Getting In Line

What’s this course about?

Programming: Taking your Java skills to the next level, introducing tools and algorithms that will make your life easier (or at least more interesting)
Data: how it’s stored in the computer, how to effectively manipulate it
Specifically, data as text. This is a class about procedural poetics.

What isn’t it about?

Typography and layout. We’re concerned with the bits and bytes, not how they’re presented.
Semantics. We’re concerned with the bits and bytes, not what they mean.
PHP.

The structure of non-interactive computer programs

In ICM, you learned a certain type of programming: interactive programming. The programs you made in that class could be schematically represented thusly:

Do some initialization stuff.
Keep doing something over and over again.
Get some user input.
Go to step 2.

These programs are centered around responding to user actions. But what if we don’t care about that? What if we just want to munge some data?

Most computer programs are non-interactive, meaning that they don’t respond to user input (or respond to it only indirectly). The model for the programs that we’ll be making in this class (up until week 10) is this:

input -> mungeing procedure -> output

We don’t care about how our program was run, or what the user’s doing while the program is running, or even (ideally) where the input is coming from or where the output is going. We’re concerned solely with the procedure: the code that, given data as input, transforms it into output.

Appropriative Poetics: Cut-ups

From a poetic standpoint, we’re doing “appropriative process writing”: writing algorithms that take existing texts and mess them up, recombining them with themselves or other texts, juxtaposing their elements in unexpected (or completely expected) ways. Much of the conceptual material of the course focuses on this idea.

Units: Character, Line, File

Our process, however, needs a unit to operate on. Text can be divided into any number of different, overlapping units (document, page, section, subsection, chapter, clause, sentence, ascender, descender, act, stanza, syllable, foot…) but only some of these are easy for computers to work with. (It’s harder than you think to teach a computer what a “sentence” is, for example.)

The two most obvious units of text in a computer are:

the character, i.e., the byte (or series of bytes) that represents a single element of written language (e.g., A through Z in English, any one of many glyphs in Chinese…)
the file, i.e., an ordered collection of characters

Somewhere in between these two is the line, a formal unit of text that has been part of written language from the beginning. (Cuneiform with lines.) The line arises in written text because writing transcribes speech, which is a one-dimensional medium, onto two-dimensional surfaces (paper, clay, stone…). Line breaks in text are, fundamentally, a way of using up all of the space allotted.
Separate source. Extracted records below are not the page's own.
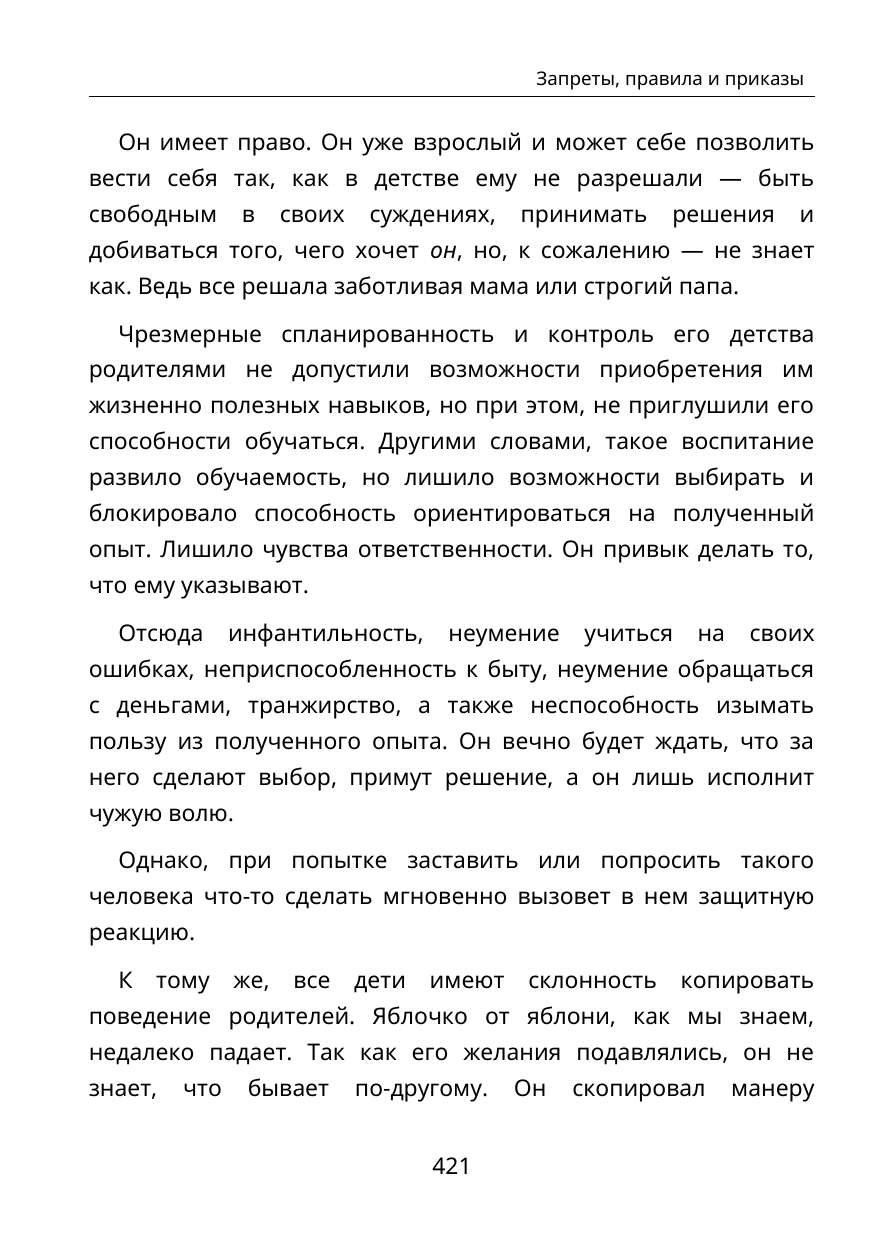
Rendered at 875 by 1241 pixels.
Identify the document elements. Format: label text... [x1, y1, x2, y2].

text К тому же, все дети имеют склонность копировать поведение родителей. Яблочко от яблони, как мы знаем, недалеко падает. Так как его желания подавлялись, он не знает, что бывает по-другому. Он скопировал манеру [88, 964, 815, 1103]
text Он имеет право. Он уже взрослый и может себе позволить вести себя так, как в детстве ему не разрешали — быть свободным в своих суждениях, принимать решения и добиваться того, чего хочет он, но, к сожалению — не знает как. Ведь все решала заботливая мама или строгий папа. [88, 126, 815, 301]
text Отсюда инфантильность, неумение учиться на своих ошибках, неприспособленность к быту, неумение обращаться с деньгами, транжирство, а также неспособность изымать пользу из полученного опыта. Он вечно будет ждать, что за него сделают выбор, примут решение, а он лишь исполнит чужую волю. [88, 617, 815, 828]
text Однако, при попытке заставить или попросить такого человека что-то сделать мгновенно вызовет в нем защитную реакцию. [88, 844, 815, 947]
text Чрезмерные спланированность и контроль его детства родителями не допустили возможности приобретения им жизненно полезных навыков, но при этом, не приглушили его способности обучаться. Другими словами, такое воспитание развило обучаемость, но лишило возможности выбирать и блокировало способность ориентироваться на полученный опыт. Лишило чувства ответственности. Он привык делать то, что ему указывают. [88, 317, 815, 600]
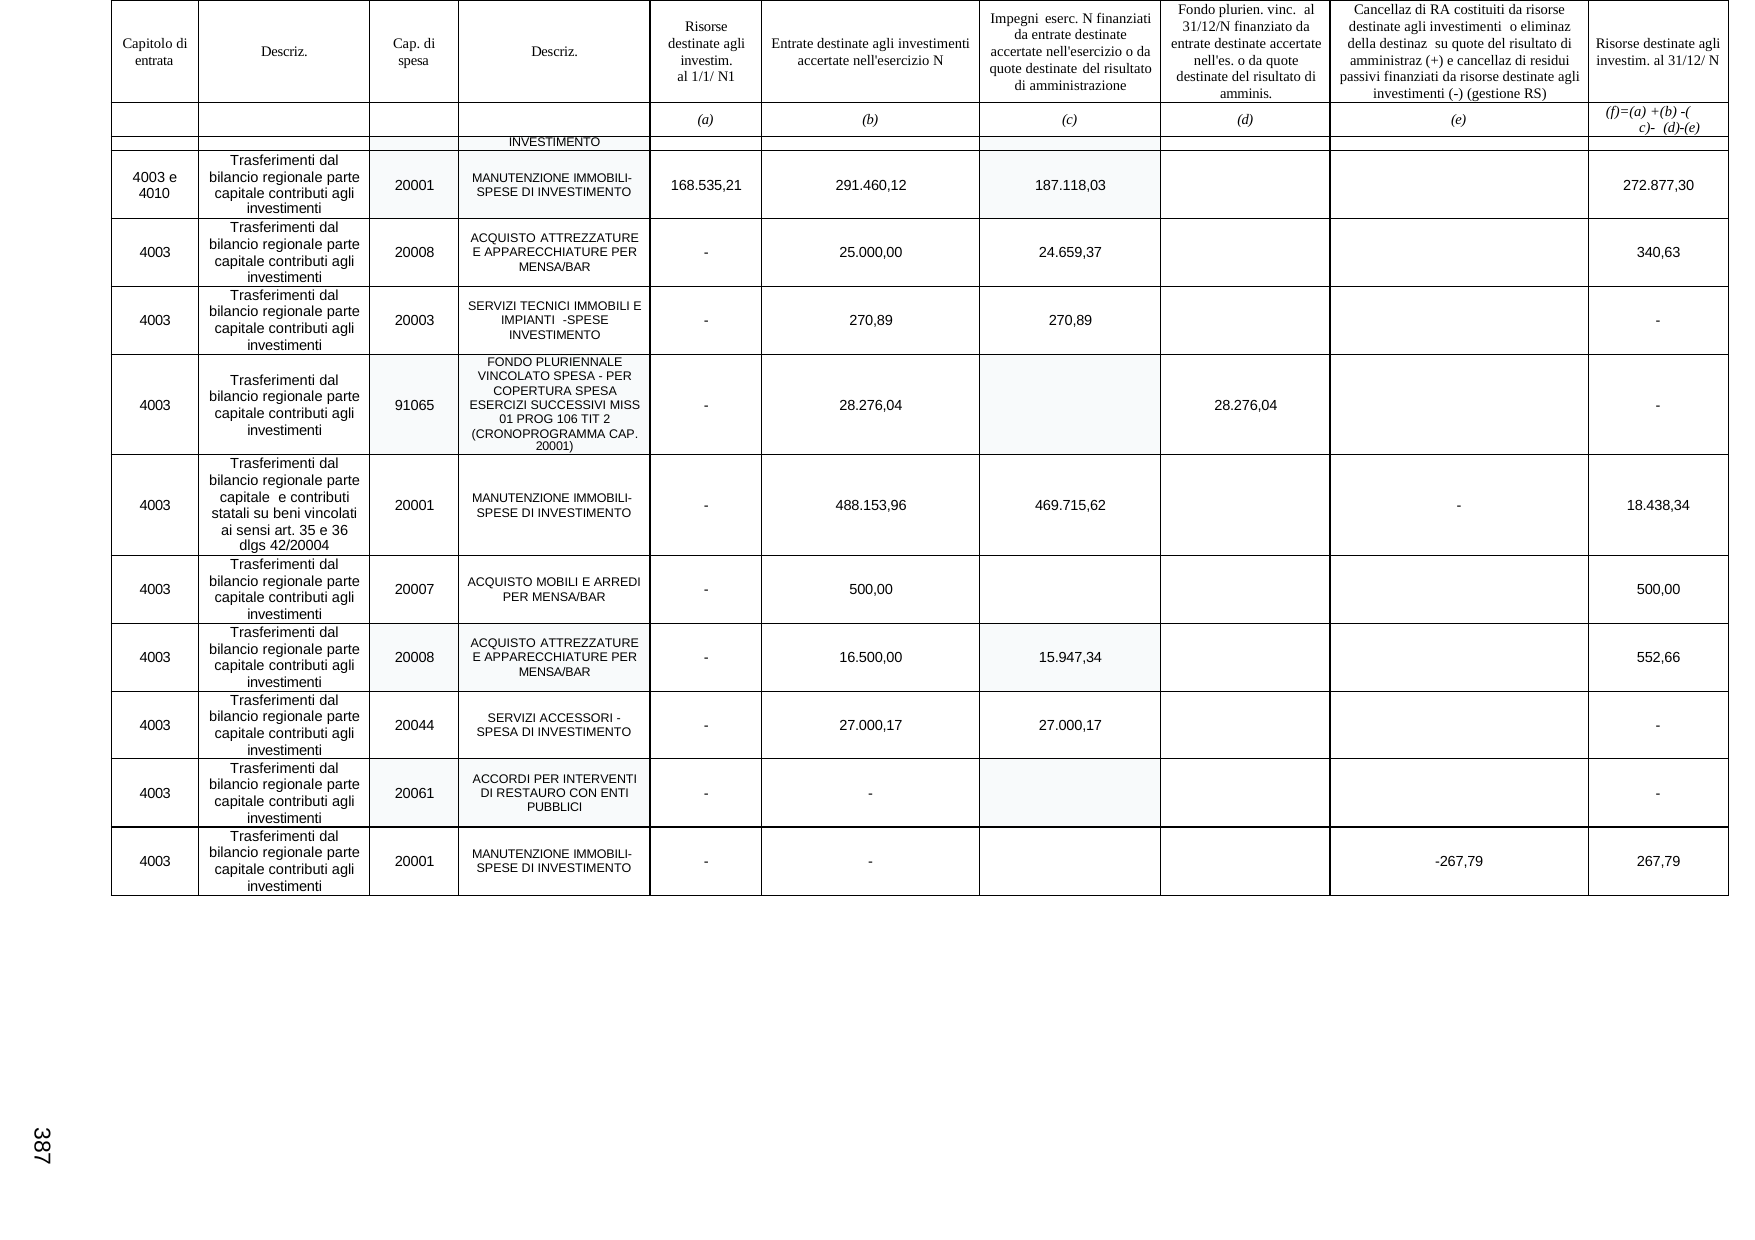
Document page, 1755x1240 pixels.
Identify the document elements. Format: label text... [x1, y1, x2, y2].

table_cell 291.460,12 [762, 151, 979, 218]
table_cell 340,63 [1589, 219, 1728, 286]
table_header Impegni eserc. N finanziati da entrate destinate accertate nell'esercizio o da quote destinate del risultato di amministrazione [980, 1, 1160, 102]
table_cell 25.000,00 [762, 219, 979, 286]
table_cell SERVIZI TECNICI IMMOBILI E IMPIANTI -SPESE INVESTIMENTO [459, 287, 649, 353]
table_cell Trasferimenti dal bilancio regionale parte capitale e contributi statali su beni vincolati ai sensi art. 35 e 36 dlgs 42/20004 [199, 455, 369, 554]
table_cell 20007 [370, 556, 458, 623]
table_cell Trasferimenti dal bilancio regionale parte capitale contributi agli investimenti [199, 219, 369, 286]
table_cell [1331, 692, 1588, 758]
table_cell (b) [762, 103, 979, 136]
table_cell [980, 556, 1160, 623]
table_cell 4003 [112, 759, 198, 826]
table_cell 4003 e 4010 [112, 151, 198, 218]
table_cell FONDO PLURIENNALE VINCOLATO SPESA - PER COPERTURA SPESA ESERCIZI SUCCESSIVI MISS 01 PROG 106 TIT 2 (CRONOPROGRAMMA CAP. 20001) [459, 355, 649, 454]
table_cell Trasferimenti dal bilancio regionale parte capitale contributi agli investimenti [199, 287, 369, 353]
table_cell MANUTENZIONE IMMOBILI- SPESE DI INVESTIMENTO [459, 828, 649, 894]
table_cell Trasferimenti dal bilancio regionale parte capitale contributi agli investimenti [199, 151, 369, 218]
table_cell [370, 103, 458, 136]
table_cell - [651, 624, 761, 691]
table_cell 20008 [370, 624, 458, 691]
table_cell [1161, 692, 1329, 758]
table_cell 20003 [370, 287, 458, 353]
table_cell [1331, 759, 1588, 826]
table_cell [1161, 151, 1329, 218]
table_cell [1161, 137, 1329, 150]
table_cell (d) [1161, 103, 1329, 136]
table_header Entrate destinate agli investimenti accertate nell'esercizio N [762, 1, 979, 102]
table_cell 4003 [112, 556, 198, 623]
table_cell [1161, 287, 1329, 353]
table_cell ACQUISTO ATTREZZATURE E APPARECCHIATURE PER MENSA/BAR [459, 624, 649, 691]
table_cell 4003 [112, 287, 198, 353]
table_cell - [651, 455, 761, 554]
table_cell 4003 [112, 219, 198, 286]
table_cell - [762, 828, 979, 894]
table_cell (c) [980, 103, 1160, 136]
table_cell [1331, 151, 1588, 218]
table_cell - [651, 828, 761, 894]
table_cell [1331, 355, 1588, 454]
table_cell [762, 137, 979, 150]
table_cell [112, 103, 198, 136]
table_cell 4003 [112, 624, 198, 691]
table_cell 270,89 [762, 287, 979, 353]
table_cell 20008 [370, 219, 458, 286]
table_cell [980, 137, 1160, 150]
table_header Fondo plurien. vinc. al 31/12/N finanziato da entrate destinate accertate nell'es. o da quote destinate del risultato di amminis. [1161, 1, 1329, 102]
table_cell Trasferimenti dal bilancio regionale parte capitale contributi agli investimenti [199, 556, 369, 623]
table_cell 16.500,00 [762, 624, 979, 691]
table_header Cancellaz di RA costituiti da risorse destinate agli investimenti o eliminaz della destinaz su quote del risultato di amministraz (+) e cancellaz di residui passivi finanziati da risorse destinate agli investimenti (-) (gestione RS) [1331, 1, 1588, 102]
table_cell 4003 [112, 455, 198, 554]
table_cell [1161, 828, 1329, 894]
table_cell Trasferimenti dal bilancio regionale parte capitale contributi agli investimenti [199, 692, 369, 758]
table_cell INVESTIMENTO [459, 137, 649, 150]
table_cell - [1589, 759, 1728, 826]
table_cell [1589, 137, 1728, 150]
table_cell 4003 [112, 355, 198, 454]
table_cell 24.659,37 [980, 219, 1160, 286]
table_cell SERVIZI ACCESSORI - SPESA DI INVESTIMENTO [459, 692, 649, 758]
table_cell [980, 759, 1160, 826]
table_cell - [1589, 355, 1728, 454]
table_cell 20001 [370, 151, 458, 218]
table_cell 27.000,17 [762, 692, 979, 758]
table_cell - [1589, 287, 1728, 353]
table_cell 91065 [370, 355, 458, 454]
table_cell 552,66 [1589, 624, 1728, 691]
table_cell - [651, 355, 761, 454]
table_cell 469.715,62 [980, 455, 1160, 554]
table_cell 4003 [112, 692, 198, 758]
table_cell [1331, 137, 1588, 150]
table_cell 18.438,34 [1589, 455, 1728, 554]
table_cell 20061 [370, 759, 458, 826]
table_cell 27.000,17 [980, 692, 1160, 758]
table_header Descriz. [459, 1, 649, 102]
table_cell - [651, 692, 761, 758]
table_cell 488.153,96 [762, 455, 979, 554]
table_header Capitolo di entrata [112, 1, 198, 102]
table_cell - [1331, 455, 1588, 554]
table_cell 500,00 [1589, 556, 1728, 623]
table_cell -267,79 [1331, 828, 1588, 894]
table_cell [1331, 287, 1588, 353]
table_cell [459, 103, 649, 136]
table_cell 28.276,04 [762, 355, 979, 454]
table_cell [1161, 455, 1329, 554]
table_cell [980, 828, 1160, 894]
table_cell (a) [651, 103, 761, 136]
table_cell 272.877,30 [1589, 151, 1728, 218]
table_cell [651, 137, 761, 150]
table_cell Trasferimenti dal bilancio regionale parte capitale contributi agli investimenti [199, 828, 369, 894]
table_cell 500,00 [762, 556, 979, 623]
table_cell 20001 [370, 828, 458, 894]
table_cell [1161, 624, 1329, 691]
table_cell ACQUISTO MOBILI E ARREDI PER MENSA/BAR [459, 556, 649, 623]
table_header Cap. di spesa [370, 1, 458, 102]
table_cell [1331, 219, 1588, 286]
table_cell 267,79 [1589, 828, 1728, 894]
table_cell - [762, 759, 979, 826]
table_cell (e) [1331, 103, 1588, 136]
table_cell MANUTENZIONE IMMOBILI- SPESE DI INVESTIMENTO [459, 151, 649, 218]
table_cell 20044 [370, 692, 458, 758]
table_header Descriz. [199, 1, 369, 102]
table_cell [980, 355, 1160, 454]
table_cell Trasferimenti dal bilancio regionale parte capitale contributi agli investimenti [199, 355, 369, 454]
table_cell [1331, 624, 1588, 691]
table_cell - [1589, 692, 1728, 758]
table_cell 168.535,21 [651, 151, 761, 218]
table_cell ACQUISTO ATTREZZATURE E APPARECCHIATURE PER MENSA/BAR [459, 219, 649, 286]
table_cell ACCORDI PER INTERVENTI DI RESTAURO CON ENTI PUBBLICI [459, 759, 649, 826]
table_cell - [651, 556, 761, 623]
table_cell Trasferimenti dal bilancio regionale parte capitale contributi agli investimenti [199, 624, 369, 691]
text 387 [30, 1128, 56, 1168]
table_cell 270,89 [980, 287, 1160, 353]
table_cell [1161, 556, 1329, 623]
table_cell MANUTENZIONE IMMOBILI- SPESE DI INVESTIMENTO [459, 455, 649, 554]
table_cell 187.118,03 [980, 151, 1160, 218]
table_cell - [651, 219, 761, 286]
table_cell [199, 103, 369, 136]
table_header Risorse destinate agli investim. al 1/1/ N1 [651, 1, 761, 102]
table_cell 28.276,04 [1161, 355, 1329, 454]
table_cell 15.947,34 [980, 624, 1160, 691]
table_cell Trasferimenti dal bilancio regionale parte capitale contributi agli investimenti [199, 759, 369, 826]
table_cell [1161, 759, 1329, 826]
table_cell 20001 [370, 455, 458, 554]
table_header Risorse destinate agli investim. al 31/12/ N [1589, 1, 1728, 102]
table_cell [199, 137, 369, 150]
table_cell [1331, 556, 1588, 623]
table_cell - [651, 759, 761, 826]
table_cell 4003 [112, 828, 198, 894]
table_cell [1161, 219, 1329, 286]
table_cell [370, 137, 458, 150]
table_cell - [651, 287, 761, 353]
table_cell [112, 137, 198, 150]
table_cell (f)=(a) +(b) -( c)- (d)-(e) [1589, 103, 1728, 136]

But line breaks also serve syntactic, semantic, and metrical functions, as in poetry:

this is just to say

i have eaten
the plums
that were in
the icebox

and which
you were probably
saving
for breakfast

forgive me
they were delicious
so sweet
and so cold

In computer text, the line is often used as a “record marker.” This is how a text file can be used as a rudimentary database. (Take these NBA stats, for example.) When your Arduino sends a new line character after a group of data, that’s exactly what it’s doing.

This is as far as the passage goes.